Po spokojnym obejrzeniu dokumentu w sali kinowej, z dobrym nagłośnieniem, stwierdzić należy z całą pewnością, iż film wart jest obejrzenia. Obojętne przy tym czy odbiorca jest ortodoksyjnym fanem zespołu, jego przeciwnikiem, czy też twórczość zespołu nie jest mu bliżej znana - każdy znajdzie w nim coś dla siebie.




Przez ok. 2 godz. i 30 min. możemy obserwować m.in. proces terapii przez który przechodził zespół - prowadzonej pod kierunkiem psychoterapeuty Phila Towle, wzajemne interakcje między członkami zespołu oraz innymi osobami z jego otoczenia, poszukiwania nowego basisty, etapy tworzenia piosenek na nową płytę zespołu, jak również wpływ kuracji odwykowej jakiej poddał się James Hetfield na funkcjonowanie grupy.
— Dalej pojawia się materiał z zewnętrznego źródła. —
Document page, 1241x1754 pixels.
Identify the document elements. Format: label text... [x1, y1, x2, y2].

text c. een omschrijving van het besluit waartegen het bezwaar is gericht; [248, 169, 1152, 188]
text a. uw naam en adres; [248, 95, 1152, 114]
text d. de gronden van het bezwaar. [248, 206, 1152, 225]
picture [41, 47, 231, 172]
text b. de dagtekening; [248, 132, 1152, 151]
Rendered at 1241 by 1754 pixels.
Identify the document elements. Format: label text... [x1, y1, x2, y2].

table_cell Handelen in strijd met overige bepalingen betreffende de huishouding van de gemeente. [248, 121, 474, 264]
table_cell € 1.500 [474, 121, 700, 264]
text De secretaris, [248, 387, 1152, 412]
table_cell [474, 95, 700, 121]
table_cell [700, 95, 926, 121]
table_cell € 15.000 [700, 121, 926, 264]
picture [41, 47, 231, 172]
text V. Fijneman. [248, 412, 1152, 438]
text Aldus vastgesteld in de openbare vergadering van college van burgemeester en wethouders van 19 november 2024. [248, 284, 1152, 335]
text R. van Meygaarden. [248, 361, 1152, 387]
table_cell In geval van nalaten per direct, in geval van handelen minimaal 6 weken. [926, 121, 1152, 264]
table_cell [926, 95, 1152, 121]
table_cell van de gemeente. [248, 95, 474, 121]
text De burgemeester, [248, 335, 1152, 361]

Dowiemy się przy tym, dlaczego na St.Anger nie ma solówek, jak powstał pierwszy wers tekstu "Sweet Amber", jakie hobby mają poszczególni członkowie zespołu, obejrzymy kilka ciekawych ujęć San Francisco, jak również pierwsze kroki młodej panny Hetfield na drodze do kariery baletowej.
A ciekawych wątków jest w tym dokumencie dużo więcej.....




W filmie pojawiają się także byli członkowie zespołu - Jason Newsted oraz Dave Mustaine - i nie trzeba chyba dodawać, że sceny, w których biorą udział są jednymi z najciekawszych w filmie. Wszystko to okraszone muzyką kwartetu z Bay Area.
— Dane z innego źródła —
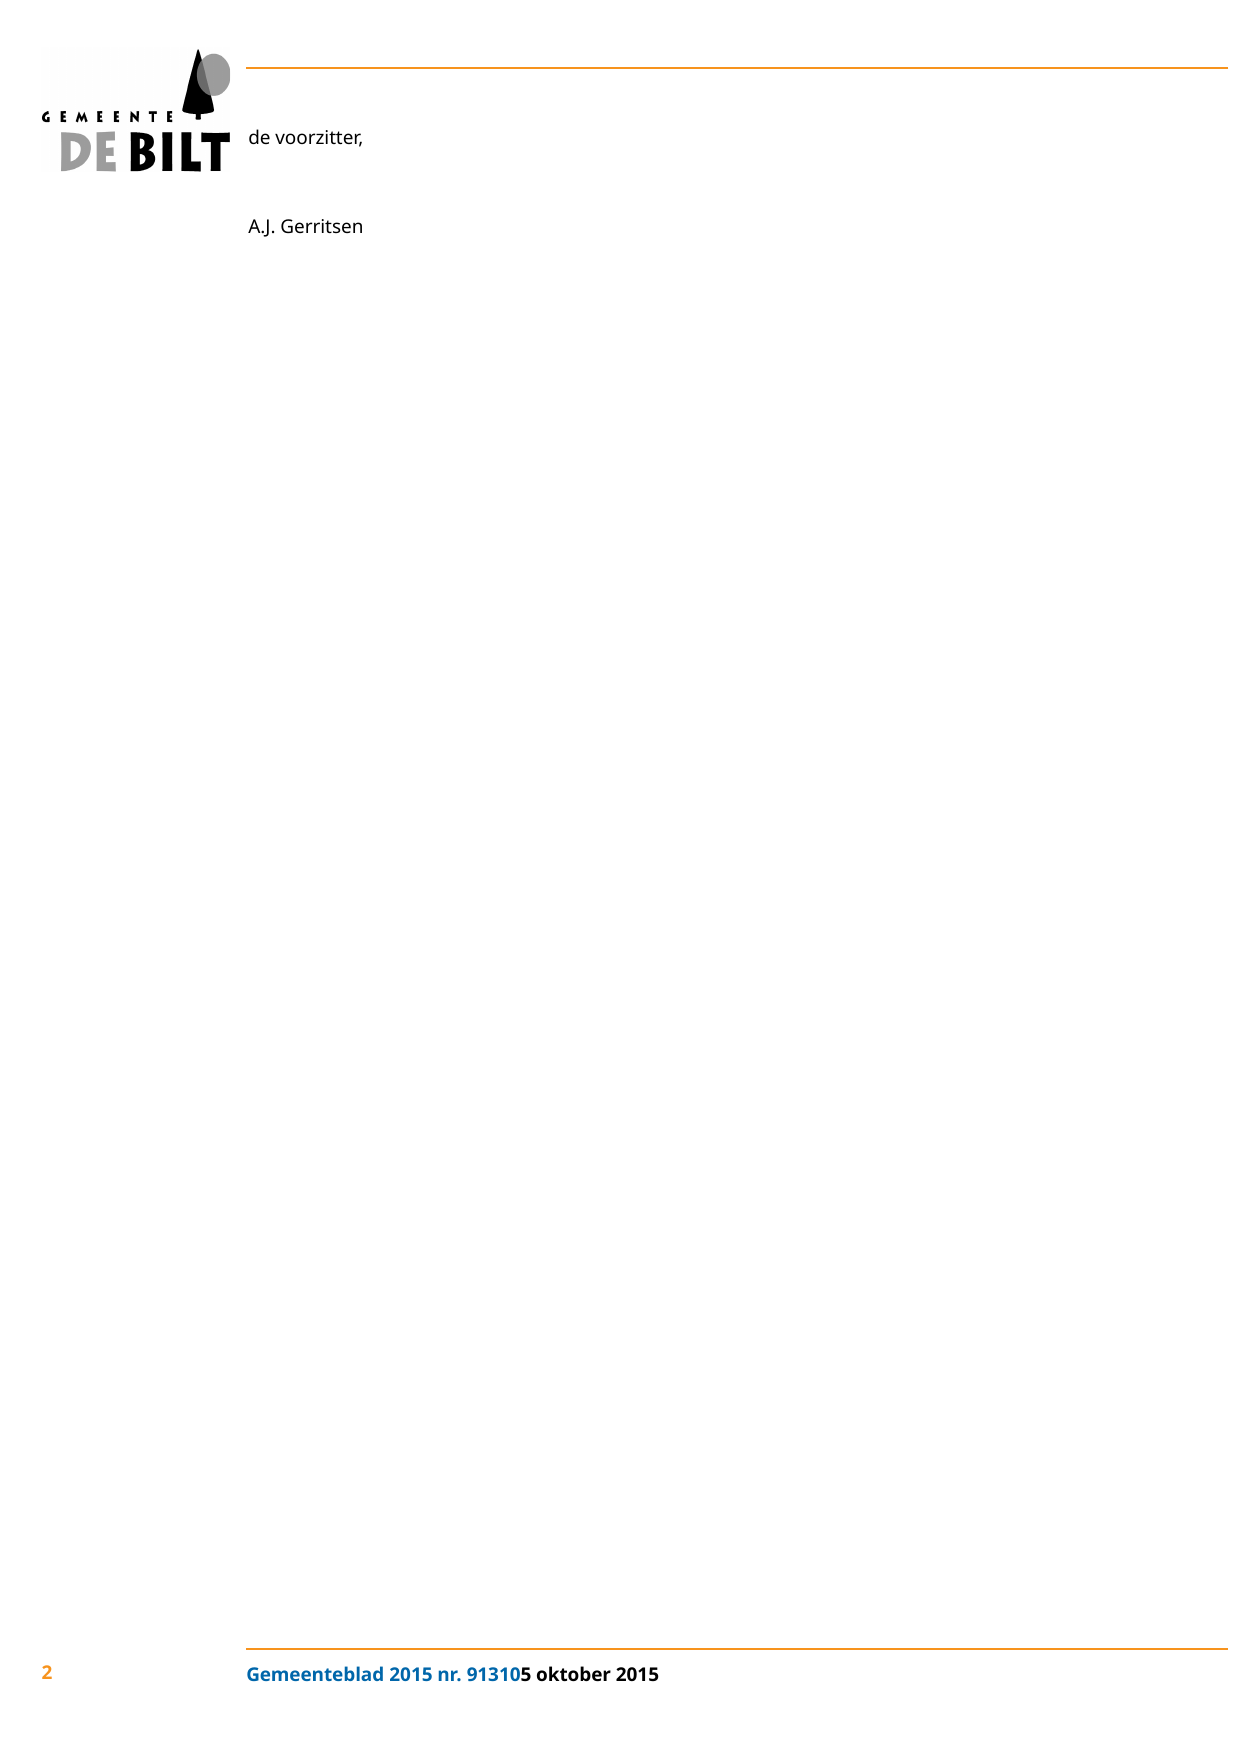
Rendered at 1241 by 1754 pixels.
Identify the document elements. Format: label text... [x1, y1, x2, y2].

text A.J. Gerritsen [248, 213, 1152, 239]
text de voorzitter, [248, 124, 1152, 150]
picture [41, 47, 231, 172]

Na pewno wiele osób zastanawia się czy film nie jest "sztuczny" - tj. czy fakt, iż członkowie zespołu czuli obecność kamer w trakcie czynności, które były filmowane nie wpłynął na ich zachowanie. Sądzę, iż o ile w pierwszych dniach zdjęć (początek filmu) ten wpływ jest widoczny (np. można zaobserwować jak członkowie zespołu "ważą" słowa przed ich wypowiedzeniem) to bardzo szybko przekonujemy się, że takiej cierpliwości na długo im nie wystarcza i momentami mamy przysłowiową "jazdę bez trzymanki" która z pewnością zadowoli zwolenników obserwowania sytuacji konfliktowych.



Całość jest moim zdaniem bardzo przystępnie podana, skłania do refleksji, zaś tym którzy nigdy nie doświadczyli tego na żywo daje również szansę - w ostatnich ujęciach dokumentu - przeżyć te krótkie minuty, kiedy uszy wypełnia melodia "Ecstasy of gold" a tętno podskakuje do 150 uderzeń na minutę bowiem ONI nadchodzą żeby skopać nam tyłki ..... i na to właśnie przygotujcie się wybierając się do kina na Some kind of Monster!

Autor: Soulflypl - gorące podziękowania !!




Poniżej znajdują się linki do powiększonych powyższych fotek.

foto 1 ,
foto 2 ,
foto 3 ,
foto 4 ,
foto 5 ,
foto 6 ,
foto 7 ,
foto 8 ,
foto 9 ,
foto 10 ,
foto 11 ,
foto 12 .






Poniżej relacja z dzisiejszego Życia:

Depresja rockmanów
"Metallica: Some Kind of Monster". Niezwykły dokument


To nie jest zwykły film o zespole muzycznym! - To nawet nie jest film o Metallice. To film o związkach międzyludzkich - powiedział w wywiadzie dla "The Rolling Stone" perkusista jednej z największych grup rockowych, Lars Ulrich. Znani dokumentaliści Joe Berlinger i Bruce Sinofsky, twórcy głośnego filmu "Paradise Lost", opisującego losy trójki nastolatków skazanych za brutalne morderstwo w Arkansas w 1993 roku, postanowili nakręcić materiał o żyjącej legendzie heavy-metalu.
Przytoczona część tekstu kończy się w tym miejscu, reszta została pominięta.